Now we can use the function
[configure_dataset](api/cascade.data.configure_dataset.rst) to tell CASCADE
where the expression matrix, intervention regime, covariates and total counts
are stored:

In [19]:
configure_dataset(
    adata,
    use_regime="interv",
    use_covariate="covariate",
    use_size="ncounts",
    use_layer="counts",
)
get_configuration(adata)

{'regime': 'interv',
 'covariate': 'covariate',
 'size': 'ncounts',
 'weight': None,
 'layer': 'counts'}

## Construct scaffold graph

Next, we need to construct a scaffold graph to guide the causal discovery process.

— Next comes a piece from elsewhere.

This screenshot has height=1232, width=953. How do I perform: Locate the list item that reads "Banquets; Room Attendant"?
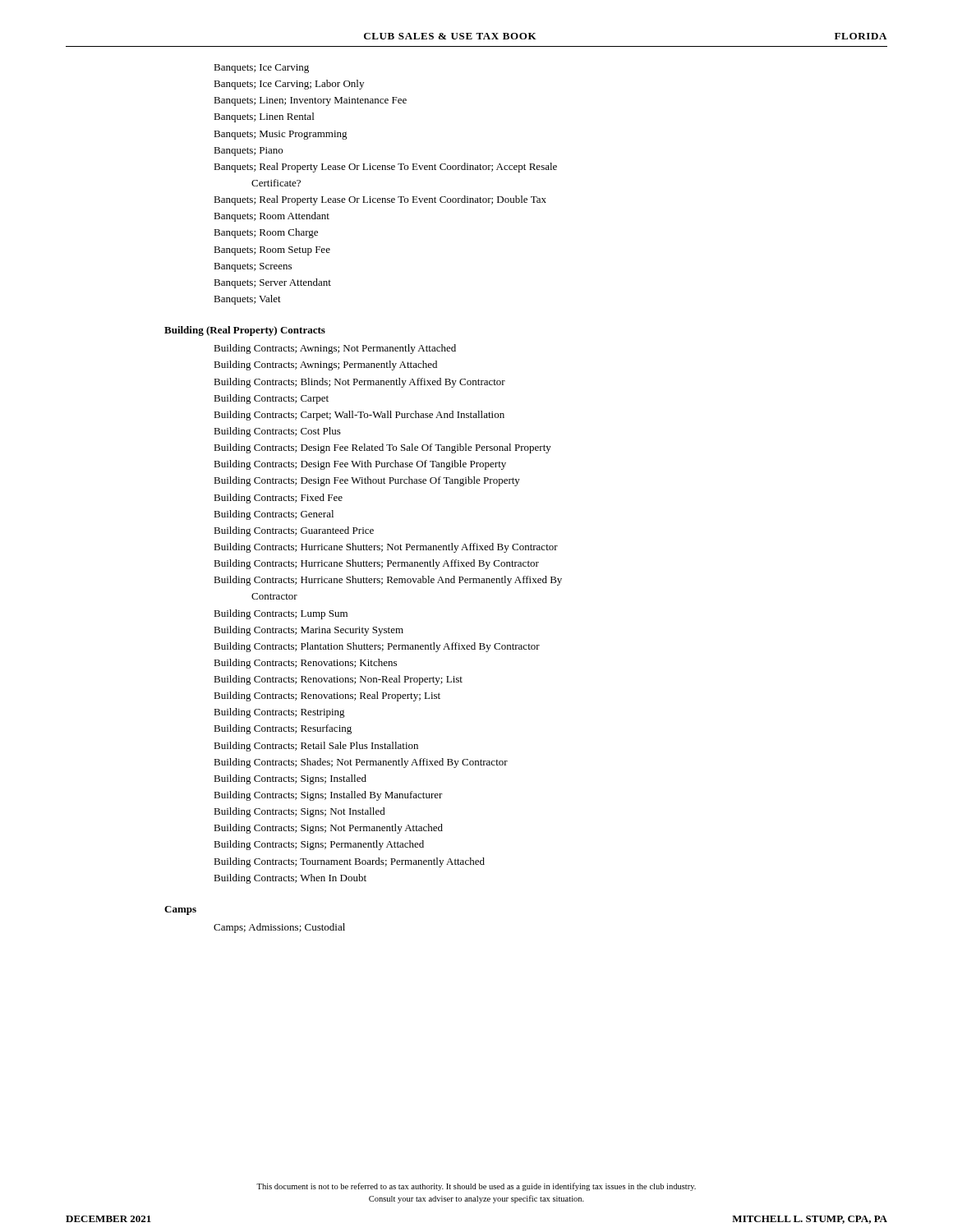click(x=271, y=216)

The following 4 pre-built human gene scaffolds are available for download:

- KEGG pathways:
  http://ftp.cbi.pku.edu.cn/pub/cascade-download/inferred_kegg_gene_only.gml.gz
- TF-target predictions:
  http://ftp.cbi.pku.edu.cn/pub/cascade-download/TF-target.gml.gz
- BioGRID protein-protein interactions:
  http://ftp.cbi.pku.edu.cn/pub/cascade-download/biogrid.gml.gz
- GTEx correlated genes:
  http://ftp.cbi.pku.edu.cn/pub/cascade-download/corr.gml.gz

In [20]:
kegg = nx.read_gml("inferred_kegg_gene_only.gml.gz")
tf_target = nx.read_gml("TF-target.gml.gz")
biogrid = nx.read_gml("biogrid.gml.gz")
corr = nx.read_gml("corr.gml.gz")

The individual scaffold components can be assembled into a hybrid scaffold using
the [assemble_scaffolds](api/cascade.graph.assemble_scaffolds.rst) function,
which also marginalizes these components with regard to the genes being
modeled here:

In [21]:
scaffold = assemble_scaffolds(corr, biogrid, tf_target, kegg, nodes=adata.var_names)
scaffold.number_of_nodes(), scaffold.number_of_edges()



(1064, 32264)

## Prepare gene function embeddings

Lastly, we also fetch relevant entries from gene embeddings pre-computed using
LSI of their GO annotations, which can be downloaded here:

- http://ftp.cbi.pku.edu.cn/pub/cascade-download/gene2gos_lsi.csv.gz

This will serve as the input of the interventional latent variable in CASCADE:

In [22]:
latent_emb = pd.read_csv("gene2gos_lsi.csv.gz", index_col=0)
latent_emb = latent_emb.reindex(adata.var_names).dropna()
latent_emb.shape

(866, 32)

## Save processed data files

Finally, save the preprocessed data files for use in [stage 2](training.ipynb).

In [23]:
adata.write("adata.h5ad", compression="gzip")

In [24]:
nx.write_gml(scaffold, "scaffold.gml.gz")

In [25]:
latent_emb.to_csv("latent_emb.csv.gz")

## Afterwords

Described above is the minimal preprocessing for running CASCADE. Additional
steps such as filtering non-perturbed cells using
[mixscape](https://pertpy.readthedocs.io/en/latest/tutorials/notebooks/mixscape.html)
may also be useful depending on the data at hand.